Nós usamos cookies e outras tecnologias semelhantes para melhorar a sua experiência em nossos serviços, personalizar publicidade e recomendar conteúdo de seu interesse. Ao utilizar nossos serviços, você está ciente dessa funcionalidade. Conheça nosso Portal da Privacidade e consulte nossa Política de Privacidade. Clique aqui para ver

O cânone do hip hop do século 21 não recebe o respeito que merece

É hora de repensar como comparamos os rappers do século 21 com seus antecessores. (David Milan para The Washington Post; AP; Getty Images)

Alguns astrofísicos acreditam que o universo existia antes do big bang, mas se você rejeita essa hipótese, vá em frente e deseje ao hip-hop um feliz aniversário de 50 anos. (Para aqueles que optam por comemorar, meus colegas conversaram com 50 figuras do hip-hop sobre suas músicas favoritas aqui.)

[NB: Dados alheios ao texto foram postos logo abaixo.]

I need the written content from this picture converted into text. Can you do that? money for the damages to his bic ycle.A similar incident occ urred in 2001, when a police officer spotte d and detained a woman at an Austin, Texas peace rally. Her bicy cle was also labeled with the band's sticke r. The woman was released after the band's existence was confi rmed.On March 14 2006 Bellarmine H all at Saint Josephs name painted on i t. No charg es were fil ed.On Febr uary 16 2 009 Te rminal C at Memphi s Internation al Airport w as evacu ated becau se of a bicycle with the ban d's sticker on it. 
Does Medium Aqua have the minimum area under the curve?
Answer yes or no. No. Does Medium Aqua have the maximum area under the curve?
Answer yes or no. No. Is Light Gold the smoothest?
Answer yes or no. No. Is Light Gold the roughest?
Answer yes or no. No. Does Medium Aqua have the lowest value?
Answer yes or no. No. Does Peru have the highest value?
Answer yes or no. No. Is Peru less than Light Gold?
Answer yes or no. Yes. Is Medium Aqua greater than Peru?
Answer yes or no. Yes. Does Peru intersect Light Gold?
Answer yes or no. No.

Já se passaram cinco décadas desde aquele dia fatídico – 11 de agosto de 1973 – quando o DJ Kool Herc carregou duas plataformas giratórias para uma sala de descanso de um prédio de apartamentos no Bronx e começou a mixar as partes instrumentais de dois discos correspondentes em uma batida estendida em loop. Esse momento sagrado se qualifica como o nascimento genuíno do rap? Não. Não para aqueles cantores caribenhos que há anos brindam ao reggae. Não para os poetas e comediantes negros que já gravam discos cheios de música bucal ritmada. Não para Gil Scott-Heron, ou The Last Poets, ou DJ Hollywood. Mas, como princípio organizador, o big bang de Herc tem algo a seu favor além de sua ordem: ele imediatamente exigiu o hip-hop como um ato de extensão e continuidade.

Desde então, a angústia fundamental do hip-hop flui paralelamente à angústia da existência. Quanto tempo isso vai durar? Em seu célebre livro de 2005, “Can’t Stop Won’t Stop: História da Geração Hip-Hop”, o jornalista de rap e estudioso Jeff Chang tentou tirar essa pergunta retórica de nossas cabeças: “Então, você pergunta, quando começa a Geração Hip-Hop? Depois DJ Kool Herc e Afrika Bambaataa. Quem inclui? Qualquer um que esteja para baixo. Quando isso acaba? Quando a próxima geração nos disser que acabou.”

Mas, em vez de ser extinto por essa “próxima geração”, o hip-hop criou gerações dentro de si – gerações que continuam a lutar por prestígio em território desconhecido. Como fora de forma? Se traçarmos uma linha entre os séculos, é fácil sentir que os rappers dos últimos 23 anos raramente são considerados tão bem quanto seus colegas dos anos 80 e 90. De alguma forma, ainda parece um sacrilégio sugerir que Future e Young Thug poderiam ser tão importantes quanto 2Pac e Biggie, absurdo comparar Migos a Run-DMC, blasfemo até mesmo mencionar Ice Spice ao mesmo tempo que Ice Cube. Sim, a velha escola criou uma forma de arte negra transcendente e a enviou para o topo do mundo. Mas que crédito seus descendentes merecem por mantê-lo lá?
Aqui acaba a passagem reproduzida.